In Howell's declaration, she expressed upset upon learning that Amber Heard had pledged millions of dollars to the American Civil Liberties Union and a children's hospital, which according to Heard's publicist, were more prominent than The Art of Elysium, the nonprofit she ran and that had employed Whitney Henriquez. Amber Heard testified that she donated $250,000 to The Art of Elysium; however, Howell denied this claim, stating that around 2018, the organisation only received one donation made in Heard's name, a payment of $250,000 from an anonymous donor believed to be Elon Musk.

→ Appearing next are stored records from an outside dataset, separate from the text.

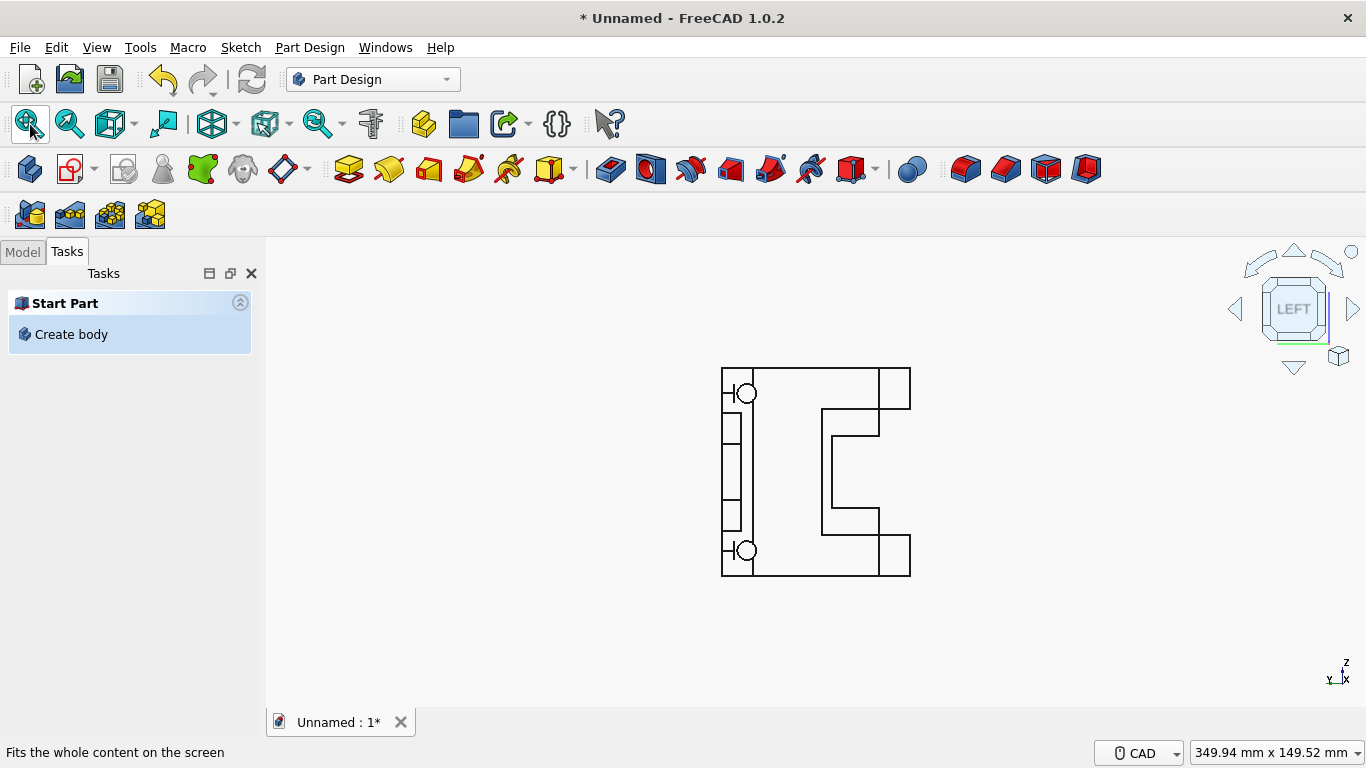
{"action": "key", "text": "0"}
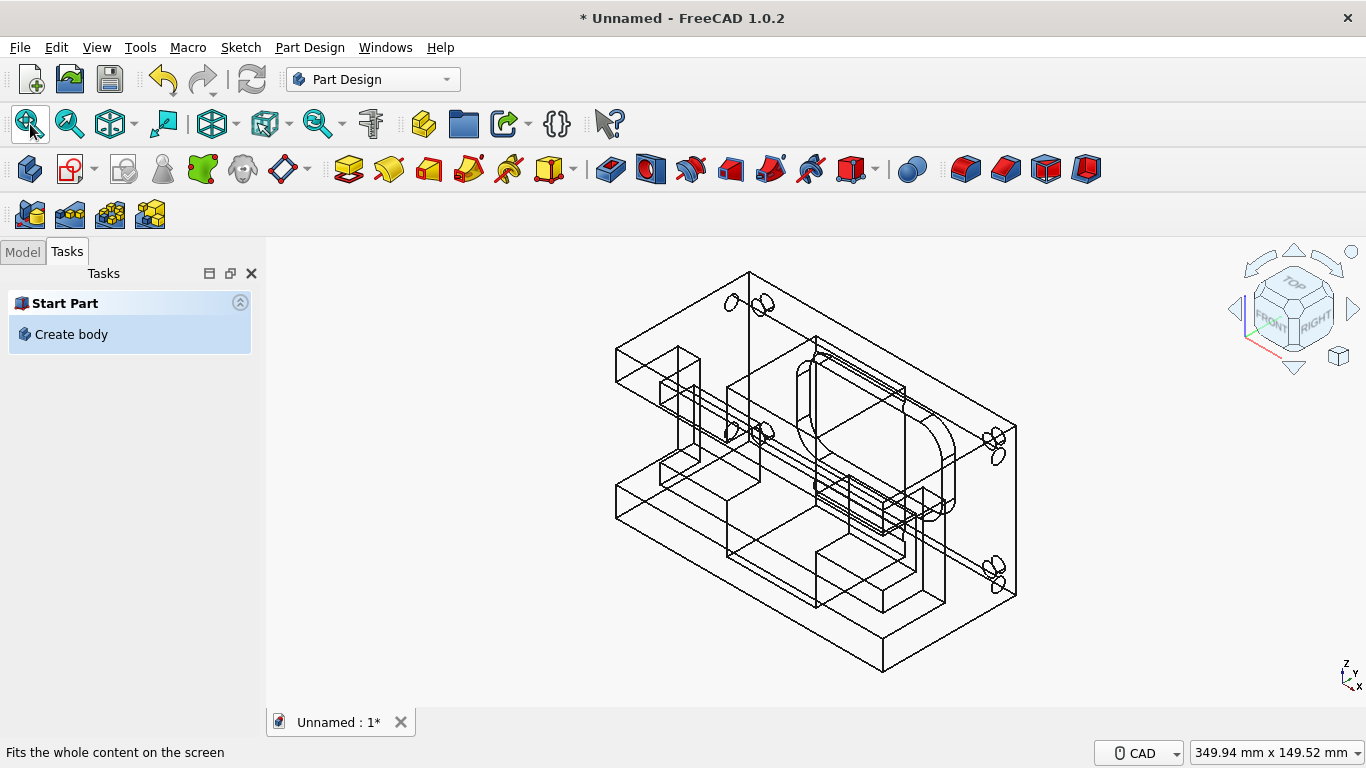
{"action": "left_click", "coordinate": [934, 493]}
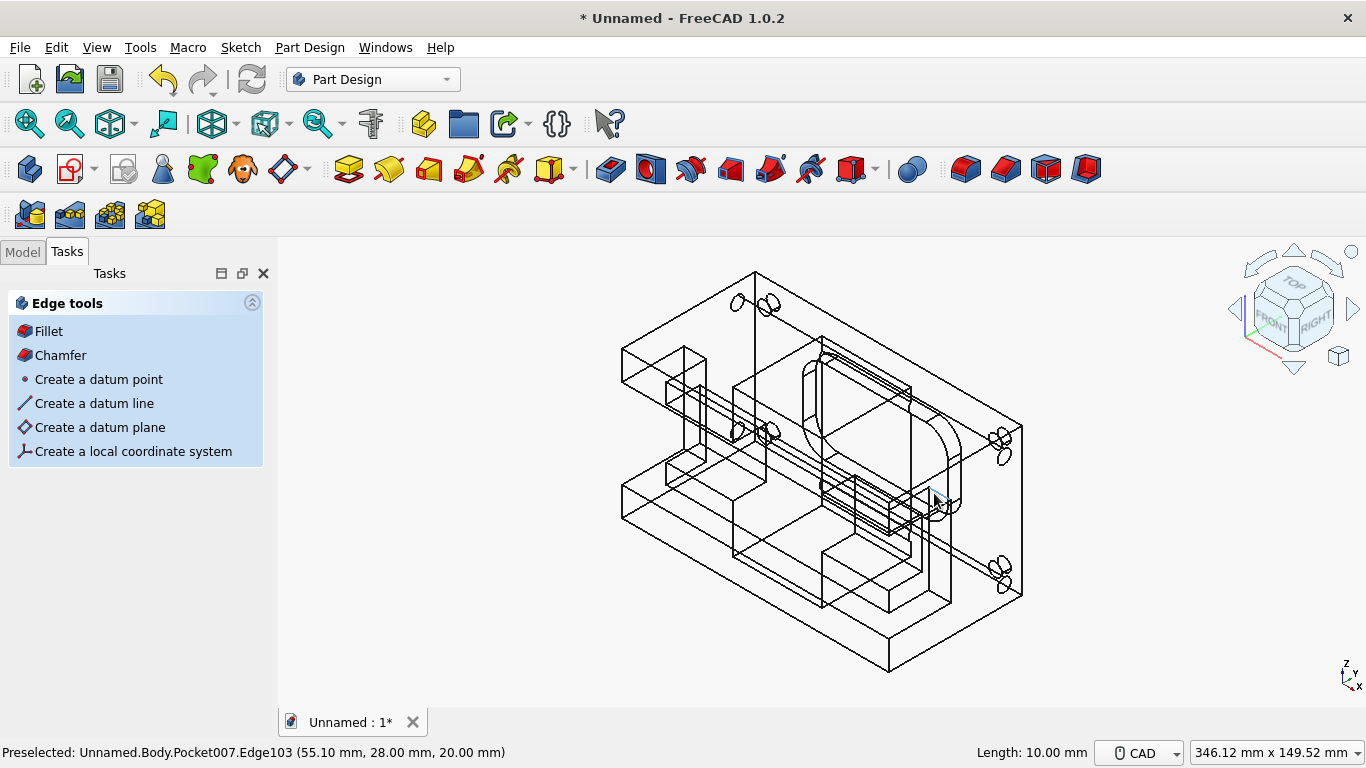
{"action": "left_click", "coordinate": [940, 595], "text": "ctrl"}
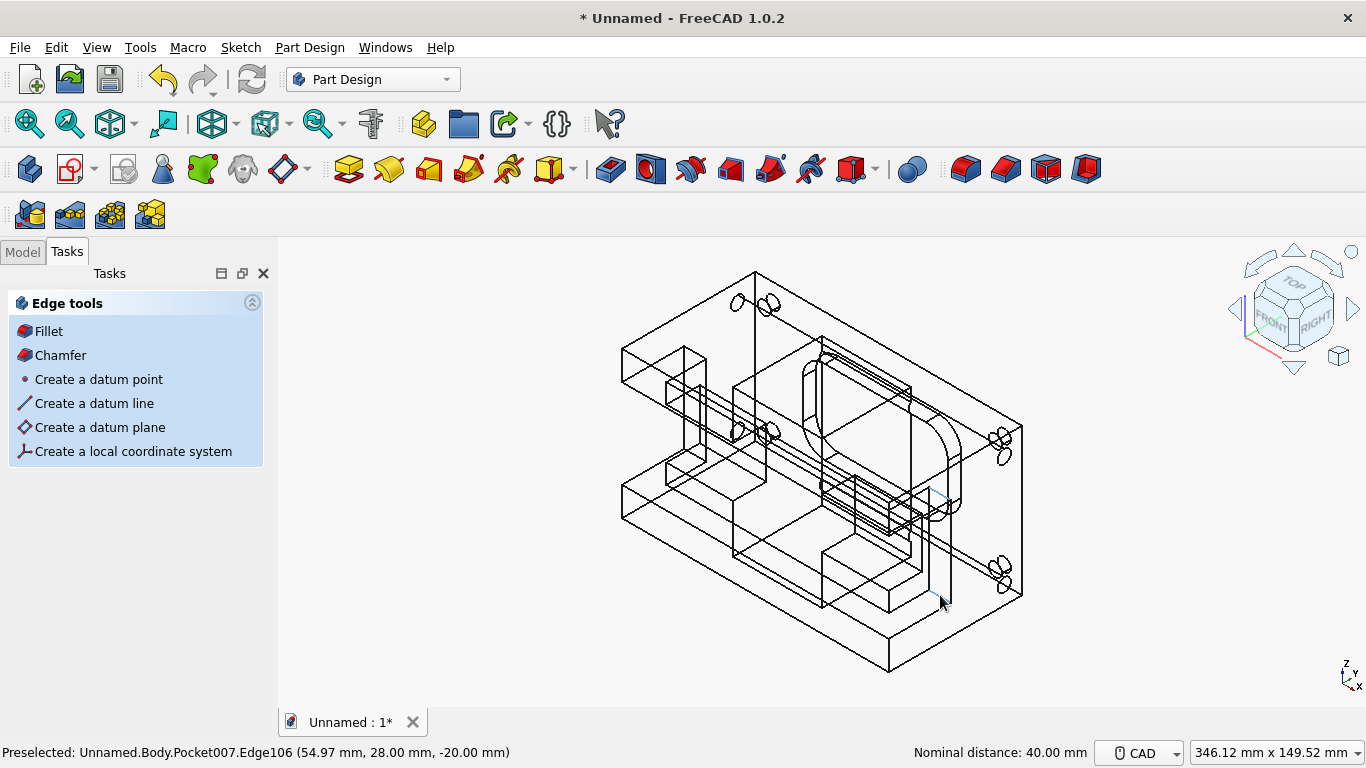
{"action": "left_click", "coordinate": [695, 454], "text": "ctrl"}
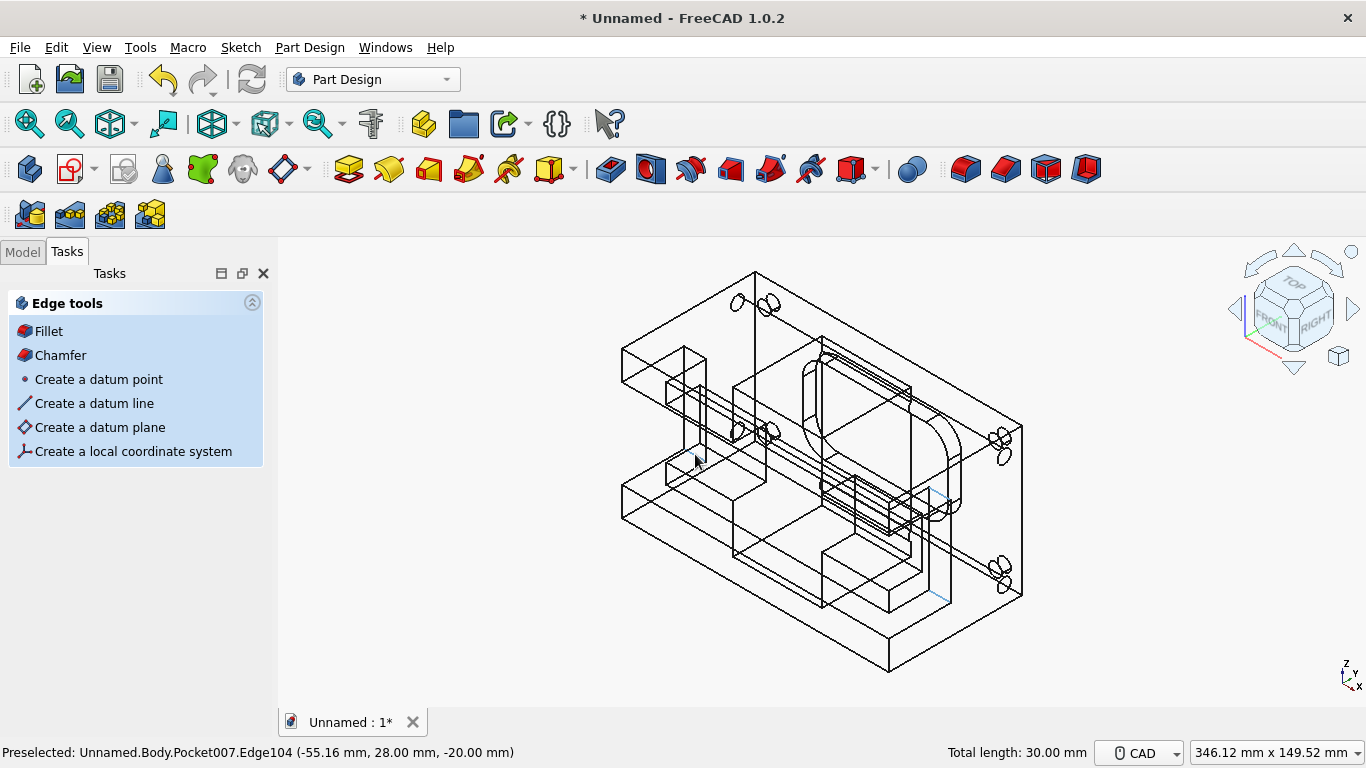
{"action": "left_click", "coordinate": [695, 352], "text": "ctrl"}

In July 2020, Howell, in a statement provided to Johnny Depp's lawyers, claimed that the Tesla car Elon Musk gave to Amber Heard had a bugging device. The company declined to comment on her claim, but people close to Elon Musk denied the allegation. Howell also claimed that Amber Heard's mother, who died in May 2020, favoured Johnny Depp over Musk, whom she described as "controlling". She mentioned that she met Heard's late mother, Paige Heard, who shared secrets about Amber's relationship with Musk after her breakup with Johnny Depp.

== Awards and recognition ==
Howell was honoured with the Walter Littlefield Distinguished Speaker in Rhetoric and Communication Award in 2012 and was listed as one of the ten most inspiring women in Los Angeles by Los Angeles magazine in 2013.